Certificate threat intelligence
The Certificate Threat Intelligence APIs help security teams investigate code signing certificates, identify samples signed with specific certificates, and detect impersonation attempts using compromised or malicious certificates.
Common Use Cases
Find samples signed with a certificate
- Certificate index (TCA-0501) - Get a list of files signed with a specific certificate thumbprint, with optional filtering by classification status.
Analyze certificate reputation
- Certificate analytics (TCA-0502) - Get certificate reputation data including sample counts by classification, blacklist/whitelist status, threat level, and certificate chain of trust.

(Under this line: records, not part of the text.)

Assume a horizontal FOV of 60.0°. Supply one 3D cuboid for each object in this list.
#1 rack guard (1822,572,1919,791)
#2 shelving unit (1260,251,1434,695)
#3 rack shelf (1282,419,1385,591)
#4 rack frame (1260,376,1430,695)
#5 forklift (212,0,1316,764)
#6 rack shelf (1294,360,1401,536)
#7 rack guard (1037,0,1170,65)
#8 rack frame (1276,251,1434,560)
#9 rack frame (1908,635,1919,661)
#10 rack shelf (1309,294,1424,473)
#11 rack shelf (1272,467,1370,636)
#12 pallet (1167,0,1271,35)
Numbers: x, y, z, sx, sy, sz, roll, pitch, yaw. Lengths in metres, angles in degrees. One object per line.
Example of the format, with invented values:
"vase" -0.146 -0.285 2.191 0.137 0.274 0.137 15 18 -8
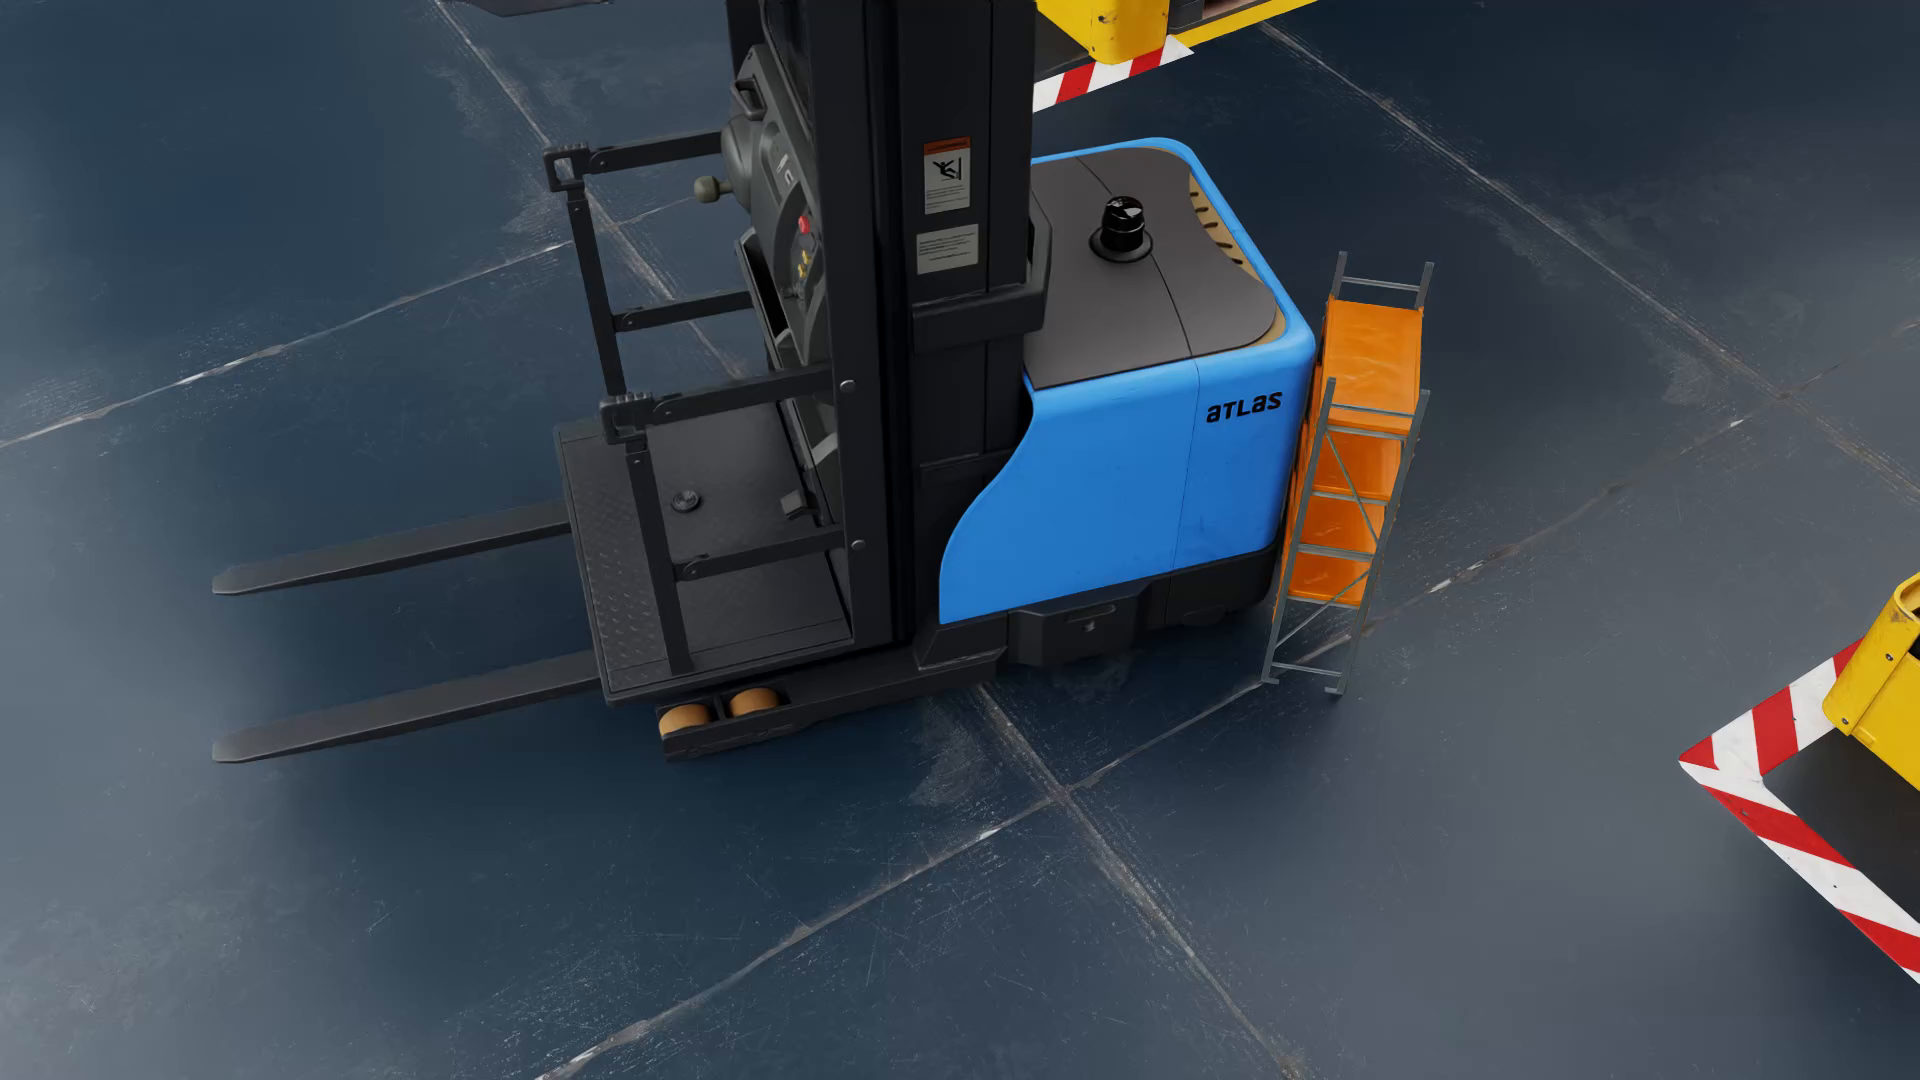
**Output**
"rack guard" 2.928 0.616 4.367 0.348 0.500 1.175 -25 53 -21
"shelving unit" 1.050 -0.149 4.579 0.258 1.200 0.503 9 49 8
"rack shelf" 1.050 -0.104 4.629 0.258 0.148 0.480 9 49 8
"rack frame" 1.000 0.030 4.420 0.240 1.200 0.015 9 49 8
"forklift" -0.635 -0.800 4.000 3.031 2.935 1.130 -13 50 -11
"rack shelf" 1.050 -0.253 4.462 0.258 0.148 0.480 9 49 8
"rack guard" 0.452 -2.597 7.228 0.348 0.500 1.175 -25 53 -21
"rack frame" 1.101 -0.327 4.738 0.240 1.200 0.015 9 49 8
"rack frame" 2.948 -0.225 3.442 0.127 3.000 1.000 -25 53 -21
"rack shelf" 1.050 -0.410 4.286 0.258 0.148 0.480 9 49 8
"rack shelf" 1.050 0.028 4.778 0.258 0.148 0.480 9 49 8
"pallet" 1.158 -2.802 7.604 1.213 0.211 1.003 -25 53 -21

Search for certificates by name
- Certificate thumbprint search (TCA-0503) - Find certificate thumbprints by searching for common names or partial matches using wildcards.
All Certificate Threat Intelligence APIs
📄️ Certificate index (TCA-0501)
Spectra Intelligence TCA-0501 lists files signed with specific certificates with reputation and metadata
📄️ Certificate analytics (TCA-0502)
Spectra Intelligence TCA-0502 provides certificate reputation with sample statistics and chain-of-trust analysis
📄️ Certificate thumbprint search (TCA-0503)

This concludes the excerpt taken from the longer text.